Black Box Distribution was a skateboard distributor owned by professional skateboarder Jamie Thomas. Prior to October 2014, it served seven brands, three of which were owned by Thomas: Fallen Footwear, Mystery Skateboards, and Zero Skateboards. After the company was dissolved, Zero and Fallen moved to Dwindle Distribution.

==History==
The company was founded in 2000 as a way for Jamie Thomas to distribute his Zero Skateboards brand, which had been founded as the Zero Division apparel brand in 1996. The brand was initially supported by American distributor Tum Yeto (responsible for distributing Thomas' previous skateboard deck sponsor Toy Machine). The company's headquarters was in Carlsbad, California. Prior to its closure in 2014, it distributed Zero Skateboards, Fallen Footwear, Slave, Threat, Destroyer, Mystery, and New Balance Numeric brands.

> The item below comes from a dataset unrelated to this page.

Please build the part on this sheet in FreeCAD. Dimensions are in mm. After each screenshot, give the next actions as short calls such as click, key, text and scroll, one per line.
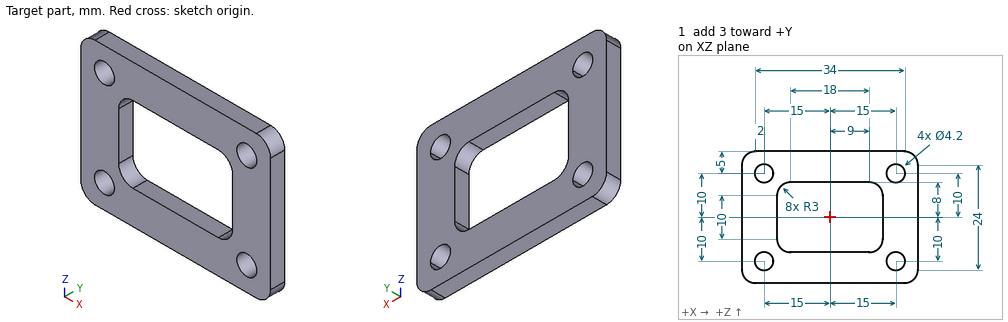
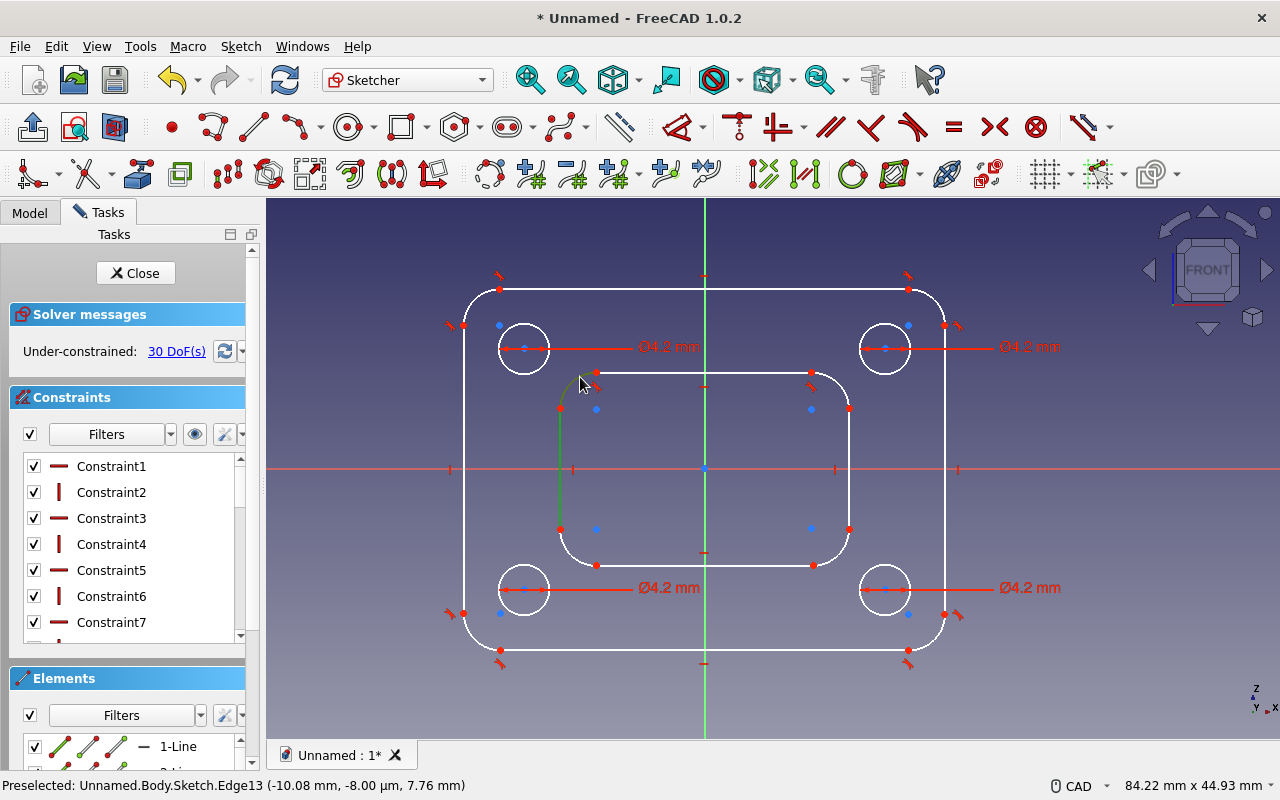
key(t)

In 2006, Thomas won an Ernst & Young regional Entrepreneur of the Year Award as founder/president of Black Box. The company eventually spun off Cinco Maderas, a Mexico-based woodshop that manufactures the skateboard decks for Mystery, Slave, and Zero.

Black Box announced a partnership with surf and skate clothing label Insight in mid-2009. At the time of the announcement, Thomas explained: "My personal opinion is that Insight is a rad brand, and I think that's what matters most ... it's the raw elements and passion behind what it is more so than what category it supports most, whether it be surf, skate, or fashion. It's so original and raw that I find it inspiring."

===Transition to Dwindle===
In a June 2014 interview with the Jenkem online publication, Thomas explained that the Dwindle Distribution skateboard company—responsible for the Enjoi, Blind Skateboards, Almost Skateboards, Darkstar, and Cliché Skateboards brands—would take over "the sales, finance, production and distribution aspects" of the Zero and Fallen brands. Thomas further explained that Zero employees would remain independent and focus on "the team, marketing and creative aspects" of the brand. However, in an October 2014 interview, former Zero rider Chris Cole stated that the entirety of Black Box had moved to Dwindle, so the exact terms of the transition are unclear.

==Zero Skateboards==

===Team (as of July 12, 2018)===
====Professional====
- Jamie Thomas
- Chris Wimer
- Tommy Sandoval
- James Brockman
- Jon Allie
- Dane Burman
- Tony Cervantes
- Windsor James

==Fallen Footwear==

Fallen Footwear is a skate shoe company that was founded as a partnership between Thomas and DC Shoes in 2003.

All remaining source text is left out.